State how many lines of the data contain the word "geometry", and write nothing besides the number.

=====

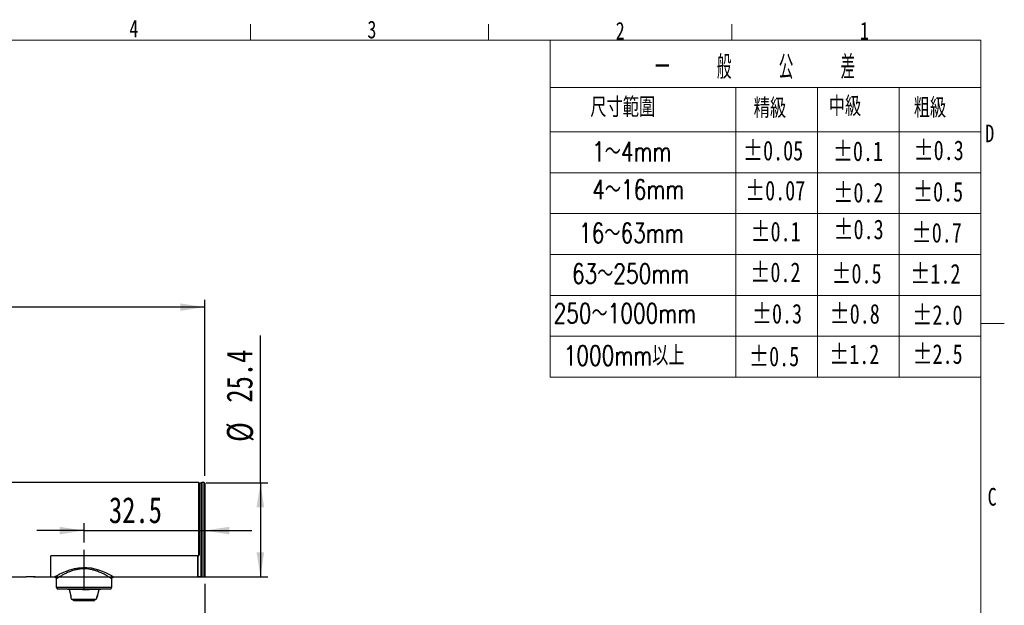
# Model space of a CAD drawing. Header units: millimetres. Extents: x 5 to 273, y 7 to 200.
# Tile 5 of 5: x 141 to 273, y 121 to 199. Entities that reach past the tile are written whole.
import ezdxf

# ---------------------------------------------------------------- set-up
doc = ezdxf.new("R2010")
doc.units = ezdxf.units.MM
doc.layers.add('FORMAT', color=7, linetype='Continuous')
doc.styles.add('SLDTEXTSTYLE1', font='TXT', dxfattribs={"width": 0.75})
doc.styles.add('SLDTEXTSTYLE7', font='TXT', dxfattribs={"width": 0.75, "bigfont": 'bigfont'})
doc.styles.add('SLDTEXTSTYLE8', font='TXT', dxfattribs={"width": 0.5625, "bigfont": 'bigfont'})
doc.dimstyles.new('SLDDIMSTYLE0', dxfattribs={"dimtxt": 3.5, "dimasz": 3.302, "dimexe": 0, "dimexo": 0.0625, "dimgap": 0.875, "dimtad": 1, "dimdec": 1, "dimlfac": 2, "dimrnd": 1e-09, "dimzin": 12, "dimdsep": 46, "dimtxsty": 'SLDTEXTSTYLE1', "dimsah": 1, "dimcen": 0.09, "dimadec": 0, "dimazin": 3, "dimtfac": 1, "dimtdec": 1, "dimtmove": 0, "dimatfit": 0, "dimfxl": 0, "dimfrac": 2, "dimtolj": 1, "dimtzin": 12, "dimarcsym": 0})
doc.dimstyles.new('SLDDIMSTYLE1', dxfattribs={"dimtxt": 3.5, "dimasz": 3.302, "dimexe": 0, "dimexo": 0.0625, "dimgap": 0.875, "dimtad": 1, "dimdec": 1, "dimlfac": 2, "dimrnd": 1e-09, "dimzin": 12, "dimdsep": 46, "dimtxsty": 'SLDTEXTSTYLE1', "dimsah": 1, "dimcen": 0.09, "dimadec": 0, "dimazin": 3, "dimtfac": 1, "dimtofl": 0, "dimtmove": 0, "dimatfit": 3, "dimfxl": 0, "dimfrac": 2, "dimtolj": 1, "dimtzin": 12, "dimarcsym": 0})
doc.dimstyles.new('SLDDIMSTYLE3', dxfattribs={"dimtxt": 3.5, "dimasz": 3.302, "dimexe": 0, "dimexo": 0.0625, "dimgap": 0.875, "dimtad": 1, "dimdec": 1, "dimlfac": 2, "dimrnd": 1e-09, "dimzin": 12, "dimdsep": 46, "dimtxsty": 'SLDTEXTSTYLE1', "dimsah": 1, "dimcen": 0.09, "dimadec": 0, "dimazin": 3, "dimtfac": 1, "dimtdec": 1, "dimtofl": 0, "dimtmove": 0, "dimatfit": 3, "dimfxl": 0, "dimfrac": 2, "dimtolj": 1, "dimtzin": 12, "dimarcsym": 0})

# ---------------------------------------------------------------- blocks, each defined once
blk = doc.blocks.new('_D')
at = {"layer": 'FORMAT'}
for p, q in [((149.25, 129.05), (149.25, 131.66)), ((149.25, 130.66), (142.9, 130.66)), ((149.25, 130.66), (165.5, 130.66)), ((165.5, 130.66), (171.85, 130.66))]:
    blk.add_line(p, q, dxfattribs=at)
for points in [[(149.25, 130.66), (145.94, 131.17), (145.94, 130.15)], [(165.5, 130.66), (168.8, 130.15), (168.8, 131.17)]]:
    blk.add_solid(points, dxfattribs=at)
at = {"layer": 'FORMAT', "insert": (152.59, 135.17), "char_height": 3.5, "attachment_point": 1, "style": 'SLDTEXTSTYLE1'}
blk.add_mtext('32.5', dxfattribs=at)
blk = doc.blocks.new('_D_1')
at = {"layer": 'FORMAT'}
for p, q in [((172.99, 137.11), (172.99, 156.93)), ((165.69, 137.11), (173.99, 137.11)), ((172.99, 137.11), (172.99, 124.41)), ((142.42, 124.41), (173.99, 124.41))]:
    blk.add_line(p, q, dxfattribs=at)
for points in [[(172.99, 137.11), (172.48, 133.81), (173.49, 133.81)], [(172.99, 124.41), (173.49, 127.71), (172.48, 127.71)]]:
    blk.add_solid(points, dxfattribs=at)
at = {"layer": 'FORMAT', "char_height": 3.5, "attachment_point": 1, "rotation": 90, "style": 'SLDTEXTSTYLE1'}
for s, insert in [('25.4', (168.42, 147.88)), ('%%c', (168.48, 142.6))]:
    blk.add_mtext(s, dxfattribs=dict(at, insert=insert))
blk = doc.blocks.new('_D_3')
at = {"layer": 'FORMAT'}
for p, q in [((165.5, 123.47), (165.5, 109.97)), ((92.25, 121.26), (92.25, 109.97)), ((92.25, 110.97), (165.5, 110.97))]:
    blk.add_line(p, q, dxfattribs=at)
for points in [[(92.25, 110.97), (95.55, 110.47), (95.55, 111.48)], [(165.5, 110.97), (162.19, 111.48), (162.19, 110.47)]]:
    blk.add_solid(points, dxfattribs=at)
at = {"layer": 'FORMAT', "insert": (122.28, 115.49), "char_height": 3.5, "attachment_point": 1, "style": 'SLDTEXTSTYLE1'}
blk.add_mtext('146.5', dxfattribs=at)
blk = doc.blocks.new('_D_4')
at = {"layer": 'FORMAT'}
for p, q in [((88.75, 141.76), (88.75, 161.75)), ((165.5, 160.75), (88.75, 160.75)), ((165.5, 138.05), (165.5, 161.75))]:
    blk.add_line(p, q, dxfattribs=at)
for points in [[(88.75, 160.75), (92.05, 160.24), (92.05, 161.25)], [(165.5, 160.75), (162.19, 161.25), (162.19, 160.24)]]:
    blk.add_solid(points, dxfattribs=at)
at = {"layer": 'FORMAT', "insert": (122.28, 165.26), "char_height": 3.5, "attachment_point": 1, "style": 'SLDTEXTSTYLE1'}
blk.add_mtext('153.5', dxfattribs=at)

msp = doc.modelspace()

# ---------------------------------------------------------------- linework, layer by layer
at = {"color": 7, "linetype": 'Continuous', "lineweight": 18}
for p, q in [((171.66605, 196.675), (171.66605, 198.8289)), ((203.72889, 196.675), (203.72889, 198.8289)), ((236.48441, 196.675), (236.48441, 198.8289)), ((8.38015, 196.675), (270.00015, 196.675)), ((212.00015, 196.675), (212.00015, 151.33568)), ((270.00015, 9.95866), (270.00015, 196.675)), ((212.00015, 190.33568), (270.00015, 190.33568)), ((237.00015, 190.33568), (237.00015, 151.33568)), ((248.00015, 190.33568), (248.00015, 151.33568)), ((259.00015, 190.33568), (259.00015, 151.33568)), ((212.00015, 184.33568), (270.00015, 184.33568)), ((212.00015, 178.83568), (270.00015, 178.83568)), ((212.00015, 173.33568), (270.00015, 173.33568)), ((212.00015, 167.83568), (270.00015, 167.83568)), ((212.00015, 162.33568), (270.00015, 162.33568)), ((270.00015, 158.54866), (273.17515, 158.54866)), ((212.00015, 156.83568), (270.00015, 156.83568)), ((212.00015, 151.33568), (270.00015, 151.33568))]:
    msp.add_line(p, q, dxfattribs=at)
at = {"color": 7, "linetype": 'Continuous', "lineweight": 25}
for p, q in [((164.68775, 137.11269), (92.24548, 137.11269)), ((164.71661, 137.06269), (164.68775, 137.11269)), ((164.68775, 127.27206), (164.68775, 137.11269)), ((164.99548, 137.06269), (164.71661, 137.06269)), ((164.74548, 137.01269), (164.74548, 127.36269)), ((164.99548, 124.46269), (164.99548, 137.06269)), ((165.39548, 137.11269), (165.09548, 137.11269)), ((165.49548, 137.05496), (165.39548, 137.11269)), ((165.39548, 124.41269), (165.39548, 137.11269)), ((165.49548, 137.05496), (165.49548, 124.47043)), ((144.74548, 124.41269), (144.74548, 127.26269)), ((164.54548, 127.26269), (144.74548, 127.26269)), ((164.64548, 127.26269), (144.74548, 127.26269)), ((164.54548, 124.41269), (164.54548, 127.26269)), ((164.59548, 124.46269), (164.59548, 127.26269)), ((164.68775, 127.27206), (164.71671, 127.29387)), ((164.54548, 125.46269), (164.59548, 125.46269)), ((92.24548, 124.41269), (141.42826, 124.41269)), ((142.67048, 124.41269), (144.74548, 124.41269)), ((144.74548, 124.41269), (145.25047, 124.41269)), ((145.49548, 124.1658), (145.49548, 123.0225)), ((152.99548, 123.0225), (152.99548, 124.16269)), ((153.24548, 124.41269), (164.54548, 124.41269)), ((164.59548, 124.46269), (164.99548, 124.46269)), ((165.09548, 124.41269), (165.39548, 124.41269)), ((165.39548, 124.41269), (165.49548, 124.47043)), ((145.49548, 123.0225), (145.64548, 122.76269)), ((145.49548, 123.0225), (152.99548, 123.0225)), ((152.84548, 122.76269), (145.64548, 122.76269)), ((146.99548, 122.76269), (146.99548, 122.71269)), ((149.05162, 122.71269), (146.99548, 122.71269)), ((147.21856, 122.71269), (147.44011, 121.88586)), ((149.05162, 122.71269), (149.04416, 122.76269)), ((151.49548, 122.71269), (149.05162, 122.71269)), ((151.05085, 121.88586), (151.2724, 122.71269)), ((151.49548, 122.71269), (151.49548, 122.76269)), ((152.84548, 122.76269), (152.99548, 123.0225)), ((147.56965, 121.40588), (150.88685, 121.40588)), ((147.90601, 121.21269), (147.56965, 121.40588)), ((150.55049, 121.21269), (147.90601, 121.21269)), ((150.88685, 121.40588), (150.55049, 121.21269)), ((150.55049, 121.21269), (150.58495, 121.21269))]:
    msp.add_line(p, q, dxfattribs=at)
at = {"color": 8, "linetype": 'Continuous', "lineweight": 25}
for p, q in [((165.09548, 137.11269), (165.09548, 124.41269)), ((151.01721, 121.76269), (150.98275, 121.76269))]:
    msp.add_line(p, q, dxfattribs=at)
at = {"color": 8, "linetype": 'Continuous', "lineweight": 25, "flags": 128}
msp.add_lwpolyline([(145.25047, 124.41559), (145.27979, 124.43264), (145.4067, 124.50548), (145.61328, 124.62071), (145.90103, 124.7739), (146.27792, 124.96066), (146.73079, 125.16222), (147.30564, 125.378), (147.96494, 125.5637), (148.49521, 125.66046), (149.05935, 125.70861), (149.61597, 125.69922), (150.178, 125.63272), (150.68315, 125.52581), (151.1674, 125.38395), (151.67125, 125.19864), (152.12944, 124.99982), (152.56427, 124.78713), (152.9144, 124.60054), (153.10254, 124.49509), (153.21647, 124.42957), (153.23832, 124.41687), (153.24548, 124.41269), (153.24548, 124.41269)], dxfattribs=at)
at = {"color": 7, "linetype": 'Continuous', "lineweight": 25, "flags": 128}
for points in [[(147.56965, 121.40588), (147.50968, 121.62894), (147.47375, 121.76269)], [(150.98275, 121.76269), (150.94681, 121.62894), (150.88685, 121.40588)], [(150.92131, 121.40588), (150.98128, 121.62894), (151.01721, 121.76269)]]:
    msp.add_lwpolyline(points, dxfattribs=at)
at = {"color": 7, "linetype": 'Continuous', "lineweight": 25}
for centre, radius, start, end in [((165.09548, 137.01269), 0.1, 90, 180), ((142.0455, 118.07925), 6.3642, 84.3643569, 95.5656982), ((165.09548, 124.51269), 0.1, 180, 270)]:
    msp.add_arc(centre, radius, start, end, dxfattribs=at)
for points, knots in [([(164.64548, 127.26269), (164.65529, 127.26345), (164.67011, 127.26459), (164.68329, 127.27017), (164.68775, 127.27206)], [0, 0, 0, 0, 0.661556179, 1, 1, 1, 1]), ([(145.24986, 124.41137), (145.26792, 124.41041), (145.31459, 124.40792), (145.38621, 124.37523), (145.4532, 124.31174), (145.49124, 124.2357), (145.49266, 124.18378), (145.49317, 124.16515)], [0, 0, 0, 0, 0.140776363, 0.363752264, 0.596260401, 0.855109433, 1, 1, 1, 1]), ([(152.99761, 124.16424), (152.99689, 124.16899), (152.99177, 124.20315), (153.01426, 124.26764), (153.06182, 124.3403), (153.12714, 124.38712), (153.19097, 124.40949), (153.24659, 124.4142), (153.28457, 124.41116), (153.30304, 124.40568), (153.30683, 124.40455)], [0, 0, 0, 0, 0.031817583, 0.228573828, 0.428255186, 0.605275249, 0.749863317, 0.872124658, 0.973733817, 1, 1, 1, 1]), ([(149.05162, 122.71269), (149.24639, 122.71943), (149.63932, 122.73301), (150.10379, 122.75052), (150.33033, 122.76006), (150.39303, 122.76269)], [0, 0, 0, 0, 0.415504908, 0.838240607, 1, 1, 1, 1]), ([(147.44019, 121.88588), (147.44093, 121.88303), (147.44578, 121.86423), (147.45804, 121.82084), (147.4689, 121.78061), (147.47375, 121.76269)], [0, 0, 0, 0, 0.090129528, 0.594740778, 1, 1, 1, 1]), ([(150.98275, 121.76269), (150.98951, 121.78605), (151.00302, 121.83275), (151.02644, 121.89419), (151.04714, 121.9394), (151.0598, 121.96031), (151.06344, 121.9621), (151.06465, 121.96269)], [0, 0, 0, 0, 0.226123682, 0.45222596, 0.677509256, 0.892709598, 1, 1, 1, 1]), ([(151.06465, 121.96269), (151.06574, 121.96066), (151.0679, 121.95661), (151.06129, 121.92521), (151.04892, 121.87821), (151.03312, 121.82139), (151.02212, 121.78078), (151.01721, 121.76269)], [0, 0, 0, 0, 0.200167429, 0.400104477, 0.606333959, 0.824659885, 1, 1, 1, 1])]:
    msp.add_open_spline(points, degree=3, knots=knots, dxfattribs=at)
at = {"color": 8, "linetype": 'Continuous', "lineweight": 25}
msp.add_open_spline([(152.99548, 124.16269), (152.99412, 124.16357), (152.98914, 124.16677), (152.92023, 124.21149), (152.79359, 124.29133), (152.61626, 124.40028), (152.37835, 124.54271), (151.9815, 124.76061), (151.53477, 124.97833), (151.07905, 125.16708), (150.60461, 125.32318), (150.11906, 125.43988), (149.60284, 125.50823), (149.07031, 125.52027), (148.54413, 125.46854), (147.98709, 125.35508), (147.42238, 125.17416), (146.89652, 124.95172), (146.45647, 124.73231), (146.10645, 124.53807), (145.83135, 124.37464), (145.63449, 124.2519), (145.51508, 124.17555), (145.5049, 124.16885), (145.50014, 124.16571)], degree=3, knots=[0, 0, 0, 0, 0.018489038, 0.067442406, 0.116424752, 0.127723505, 0.1851909, 0.242708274, 0.292416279, 0.342112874, 0.384541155, 0.426938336, 0.470618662, 0.514277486, 0.557853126, 0.601463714, 0.658681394, 0.715963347, 0.766646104, 0.817314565, 0.864406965, 0.911469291, 0.958577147, 1, 1, 1, 1], dxfattribs=at)
at = {"layer": 'FORMAT'}
msp.add_line((149.24548, 122.76269), (149.24548, 128.04977), dxfattribs=at)

# ---------------------------------------------------------------- texts
at = {"color": 7, "linetype": 'Continuous', "lineweight": 0, "attachment_point": 1}
for s, insert, char_height, style in [('4', (155.34397, 199.4529), 2.38125, 'SLDTEXTSTYLE1'), ('3', (187.39939, 199.32204), 2.38125, 'SLDTEXTSTYLE1'), ('2', (220.83481, 199.15174), 2.38125, 'SLDTEXTSTYLE1'), ('1', (253.73268, 199.15174), 2.38125, 'SLDTEXTSTYLE1'), ('一    般    公    差', (226.13284, 194.66253), 3.175, 'SLDTEXTSTYLE8'), ('尺寸範圍', (217.42279, 188.98707), 2.645833, 'SLDTEXTSTYLE7'), ('精級', (239.4278, 188.86578), 2.645833, 'SLDTEXTSTYLE7'), ('中級', (249.53236, 189.12156), 2.645833, 'SLDTEXTSTYLE7'), ('粗級', (260.9775, 188.91515), 2.645833, 'SLDTEXTSTYLE7'), ('D', (270.60643, 185.33806), 2.38125, 'SLDTEXTSTYLE1'), ('1～4mm', (217.65514, 183.02034), 2.645833, 'SLDTEXTSTYLE7'), ('±0.05', (237.98676, 183.15218), 2.645833, 'SLDTEXTSTYLE1'), ('±0.1', (250.08617, 183.06755), 2.645833, 'SLDTEXTSTYLE1'), ('±0.3', (260.9635, 183.19559), 2.645833, 'SLDTEXTSTYLE1'), ('4～16mm', (217.67345, 177.91026), 2.645833, 'SLDTEXTSTYLE7'), ('±0.07', (238.26672, 177.76573), 2.645833, 'SLDTEXTSTYLE1'), ('±0.2', (250.14989, 177.49311), 2.645833, 'SLDTEXTSTYLE1'), ('±0.5', (260.87947, 177.61355), 2.645833, 'SLDTEXTSTYLE1'), ('±0.1', (238.99517, 172.24844), 2.645833, 'SLDTEXTSTYLE1'), ('±0.3', (250.17465, 172.544), 2.645833, 'SLDTEXTSTYLE1'), ('16～63mm', (215.90256, 172.05638), 2.645833, 'SLDTEXTSTYLE7'), ('±0.7', (260.70545, 172.09303), 2.645833, 'SLDTEXTSTYLE1'), ('63～250mm', (214.94552, 166.58266), 2.645833, 'SLDTEXTSTYLE7'), ('±0.2', (238.97531, 166.77233), 2.645833, 'SLDTEXTSTYLE1'), ('±0.5', (249.89352, 166.58986), 2.645833, 'SLDTEXTSTYLE1'), ('±1.2', (260.52088, 166.56508), 2.645833, 'SLDTEXTSTYLE1'), ('250～1000mm', (212.4743, 161.23534), 2.645833, 'SLDTEXTSTYLE7'), ('±0.3', (239.18846, 161.18826), 2.645833, 'SLDTEXTSTYLE1'), ('±0.8', (249.65559, 161.17455), 2.645833, 'SLDTEXTSTYLE1'), ('±2.0', (260.7959, 161.01267), 2.645833, 'SLDTEXTSTYLE1'), ('1000mm以上', (213.84035, 155.5522), 2.645833, 'SLDTEXTSTYLE7'), ('±0.5', (238.80107, 155.4398), 2.645833, 'SLDTEXTSTYLE1'), ('±1.2', (249.58953, 155.71776), 2.645833, 'SLDTEXTSTYLE1'), ('±2.5', (260.81145, 155.7555), 2.645833, 'SLDTEXTSTYLE1'), ('C', (270.92825, 136.40155), 2.38125, 'SLDTEXTSTYLE1')]:
    msp.add_mtext(s, dxfattribs=dict(at, insert=insert, char_height=char_height, style=style))

# ---------------------------------------------------------------- dimensions: what is measured, and where the dimension line sits
at = {"layer": 'FORMAT'}
for base, p1, p2, dimstyle, picture, middle in [((88.74548, 160.74628), (165.49548, 137.05496), (88.74548, 140.76269), 'SLDDIMSTYLE3', '_D_4', (128.0972, 160.74628)), ((165.49548, 130.66144), (149.24548, 128.04977), (165.49548, 124.47043), 'SLDDIMSTYLE0', '_D', (157.11429, 130.66144)), ((165.49548, 110.97387), (92.24548, 122.26269), (165.49548, 124.47043), 'SLDDIMSTYLE1', '_D_3', (128.0972, 110.97387))]:
    dim = msp.add_linear_dim(base=base, p1=p1, p2=p2, dimstyle=dimstyle, dxfattribs=at)
    dim.commit()
    dim.dimension.update_dxf_attribs({"geometry": picture, "text_midpoint": middle, "dimtype": 160})
dim = msp.add_linear_dim(base=(172.98687, 124.41269), p1=(164.68775, 137.11269), p2=(141.42048, 124.41269), angle=90, text='%%c<>', dimstyle='SLDDIMSTYLE1', dxfattribs=at)
dim.commit()
dim.dimension.update_dxf_attribs({"geometry": '_D_1', "text_midpoint": (172.98687, 149.76489), "dimtype": 160})

doc.saveas('drawing.dxf')

=====

## EXERCISE RESPONSE
2